Demikian juga Edwin, ia juga menggunakan variabel stimulus dan respon. Namun ia
mengemukakan bahwa stimulus tidak harus berhubungan dengan kebutuhan atau
pemuasan biologis sebagaimana Clark Hull. Ia juga mengemukakan, agar respon yang
muncul sifatnya lebih kuat dan bahkan menetap, maka diperlukan berbagai macam
stimulus yang berhubungan dengan respon tersebut.

5. Skinner 

Konsep-konsep yang dikemukakan oleh Skinner tentang belajar mampu mengungguli


konsep-konsep lain yang dikemukakan oleh para tokoh sebelumnya. Ia mampu
menjelaskan konsep belajar secara sederhana, namun dapat menunjukkan konsepnya
tentang belajar secara lebih komprehensif. Menurutnya, hubungan antara stimulus dan
respon yang terjadi melalui interaksi dalam lingkungannya, yang kemudian akan
menimbulkan perubahan tingkah laku, tidaklah sesederhana yang digambarkan oleh
para tokoh sebelumnya.

Inti dari teori belajar behavioristik, adalah:

a) Belajar adalah perubahan tingkah laku.

b) Seseorang dianggap telah belajar sesuatu jika ia telah mampu menunjukkan perubahan
tingkah laku.

c) Pentingnya masukan atau input  yang berupa stimulus dan keluaran yang berupa
respon.

d) Sesuatu yang terjadi  diantara stimulus dan respon tidak dianggap penting  sebab tidak
bisa diukur dan diamati.

e) Yang bisa di amati dan diukur hanya stimulus dan respon.

f) Penguatan adalah faktor penting dalam belajar.

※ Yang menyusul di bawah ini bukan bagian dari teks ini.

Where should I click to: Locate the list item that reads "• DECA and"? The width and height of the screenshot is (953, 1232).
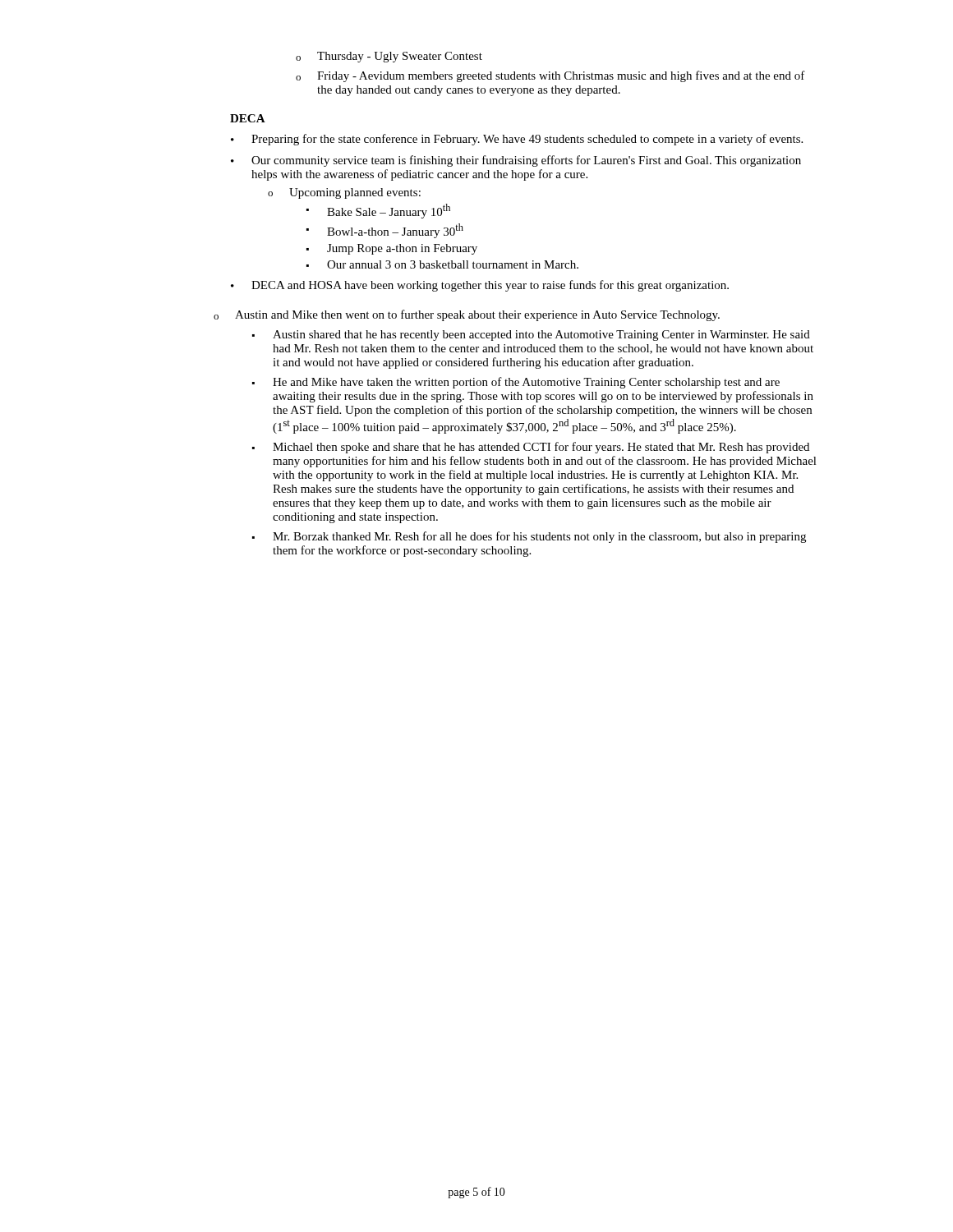point(480,286)
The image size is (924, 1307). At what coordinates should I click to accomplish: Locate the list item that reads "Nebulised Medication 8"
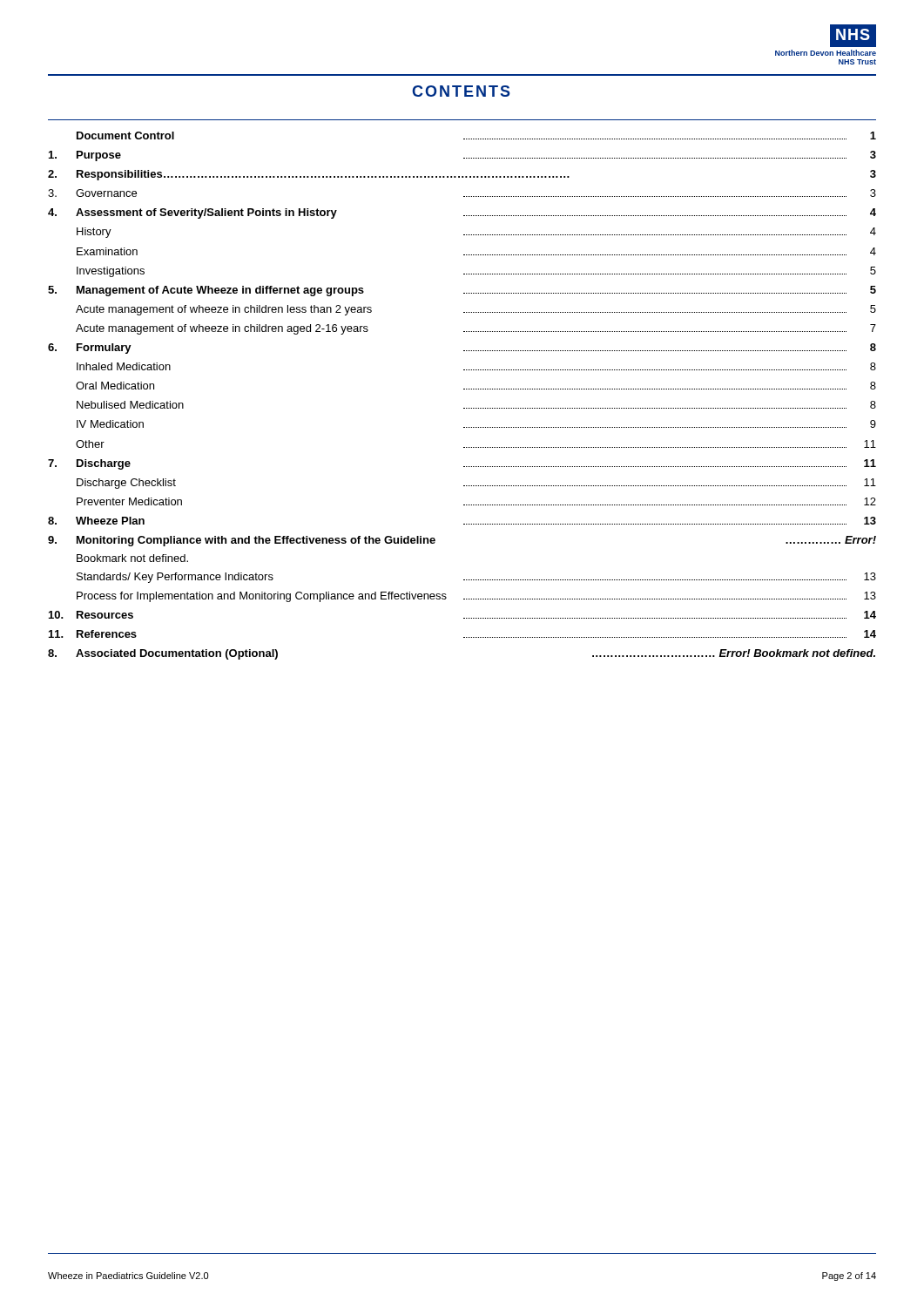476,405
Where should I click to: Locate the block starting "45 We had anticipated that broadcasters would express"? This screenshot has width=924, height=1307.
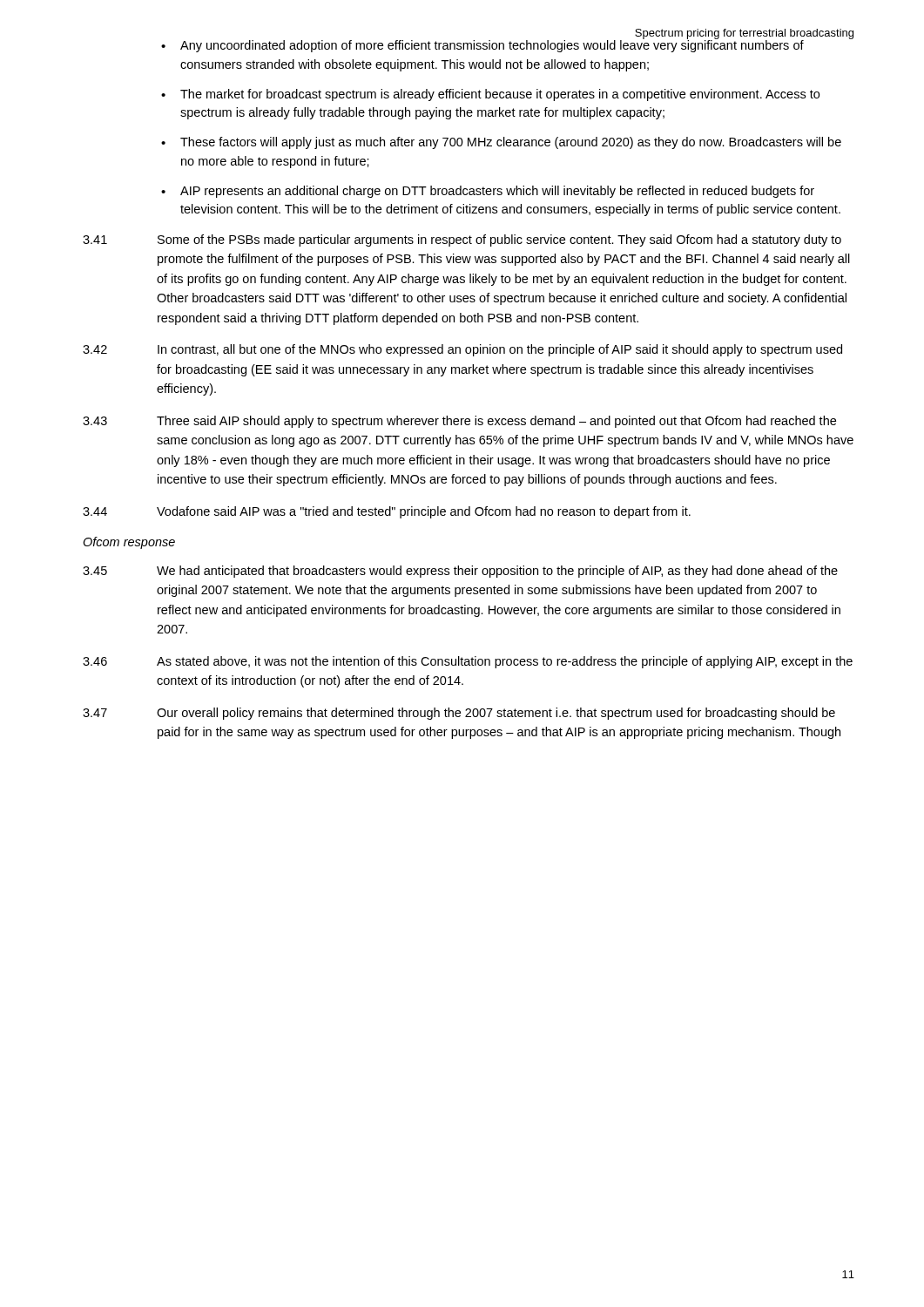click(x=469, y=600)
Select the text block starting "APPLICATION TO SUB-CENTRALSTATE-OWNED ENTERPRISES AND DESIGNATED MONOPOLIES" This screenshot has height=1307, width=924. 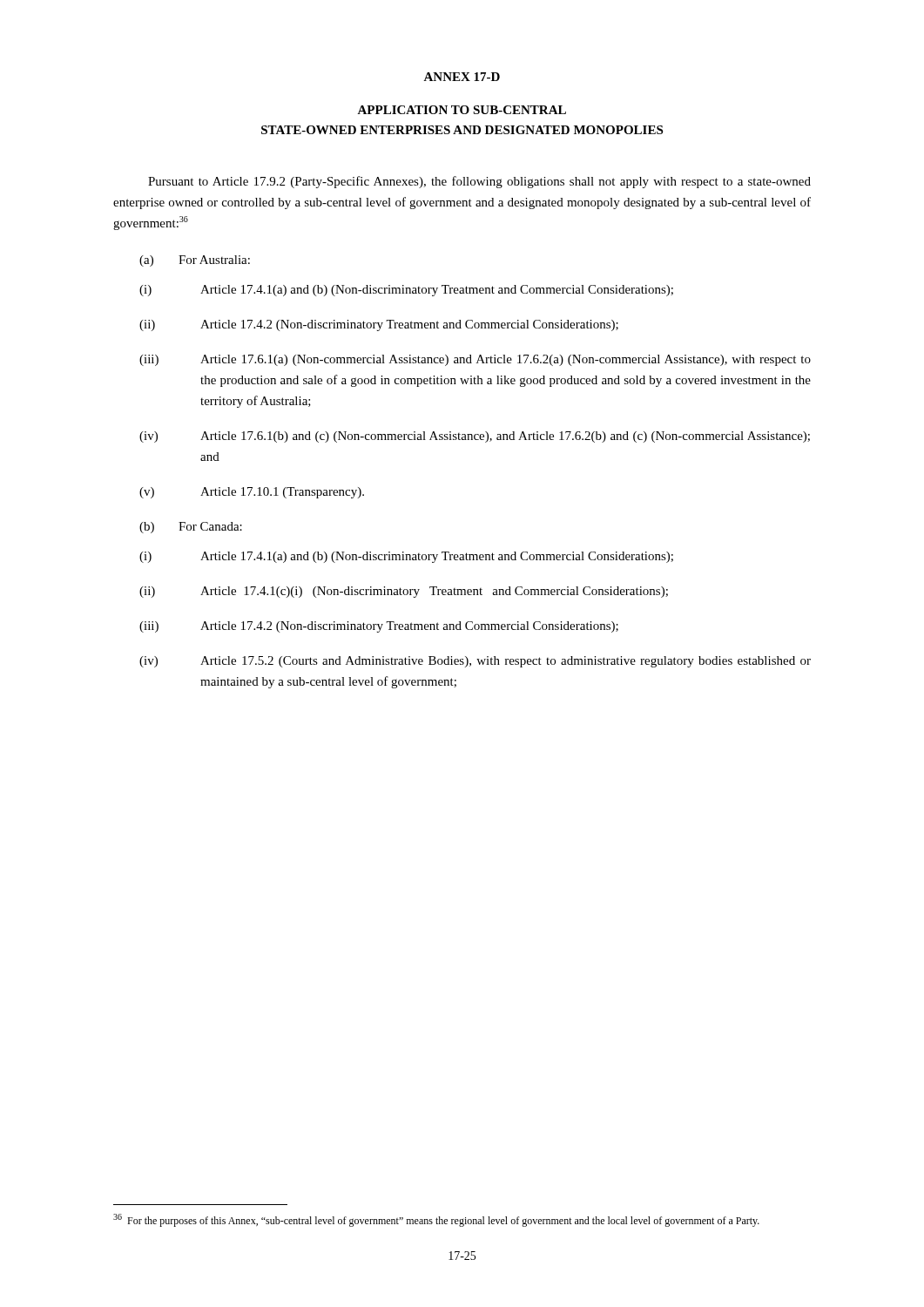[462, 120]
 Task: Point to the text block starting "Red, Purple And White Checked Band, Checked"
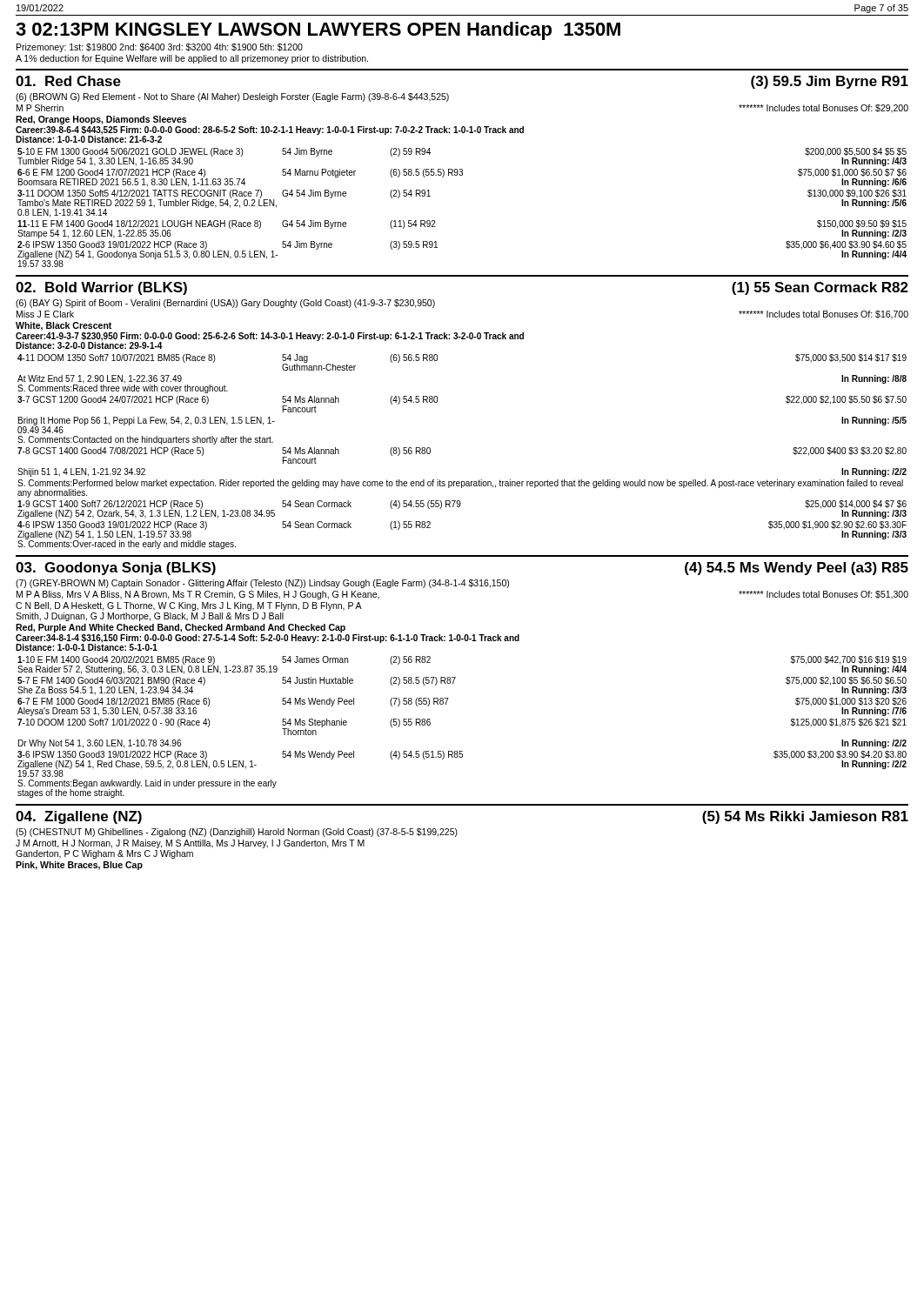[181, 627]
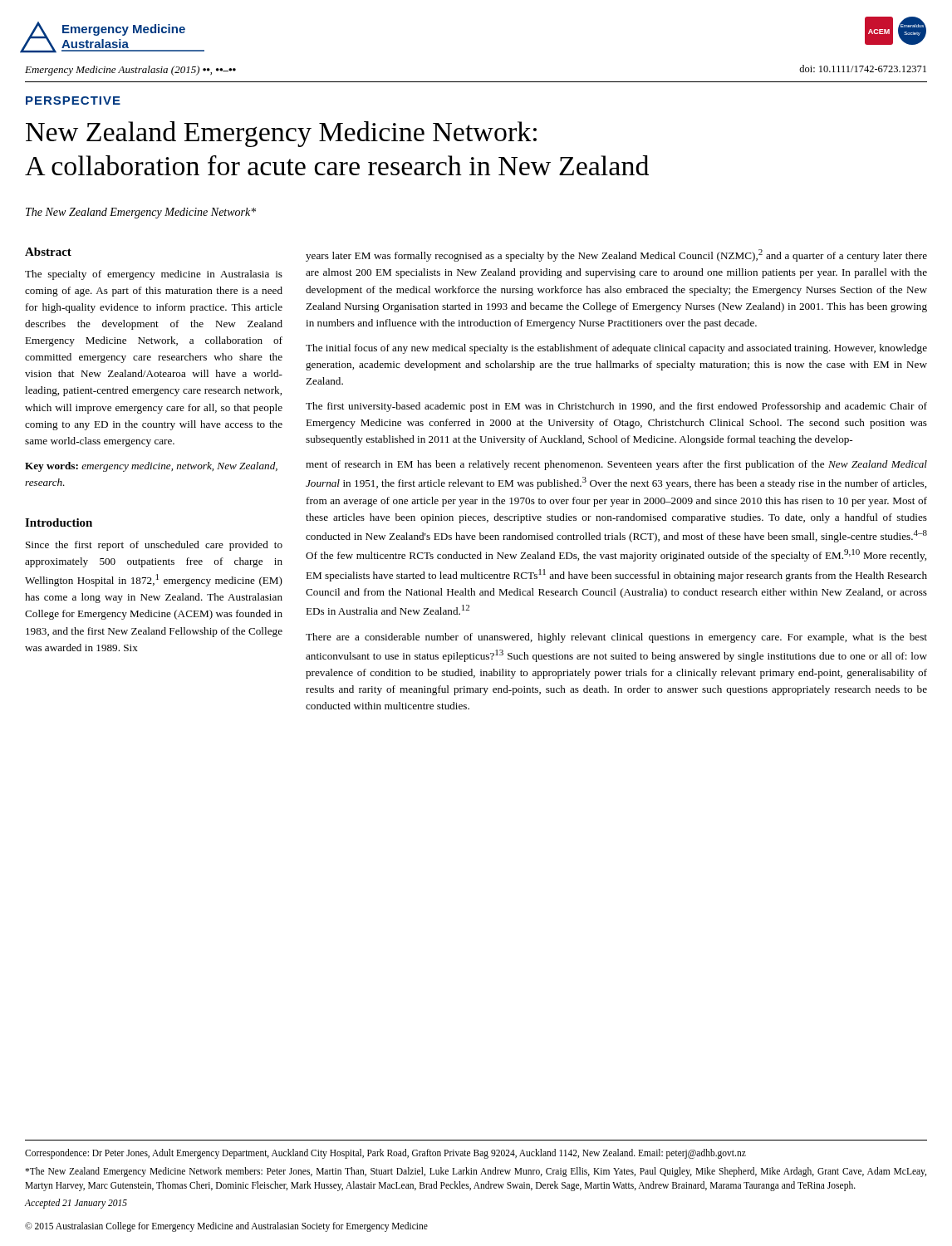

g) Bila penguatan ditambah maka respon akan semakin kuat , demikian juga jika respon
dikurangi maka respon juga menguat.

Aplikasi teori ini dalam pembelajaran, bahwa kegiatan belajar ditekankan sebagai aktivitas
“mimetic” yang menuntut siswa untuk mengungkapkan kembali pengetahuan yang sudah
dipelajari. Penyajian materi pelajaran mengikuti urutan dari bagian-bagian keseluruhan.
Pembelajaran dan evaluasi menekankan pada hasil, dan evaluasi menuntut satu jawaban yang
benar. Jawaban yang benar menunjukkan bahwa siswa telah menyelesaikan tugas belajarnya.

Referensi :

Budiningsih, Asri, 2008. Teori Belajar dan Motivasi. Universitas Negeri Yogyakarta.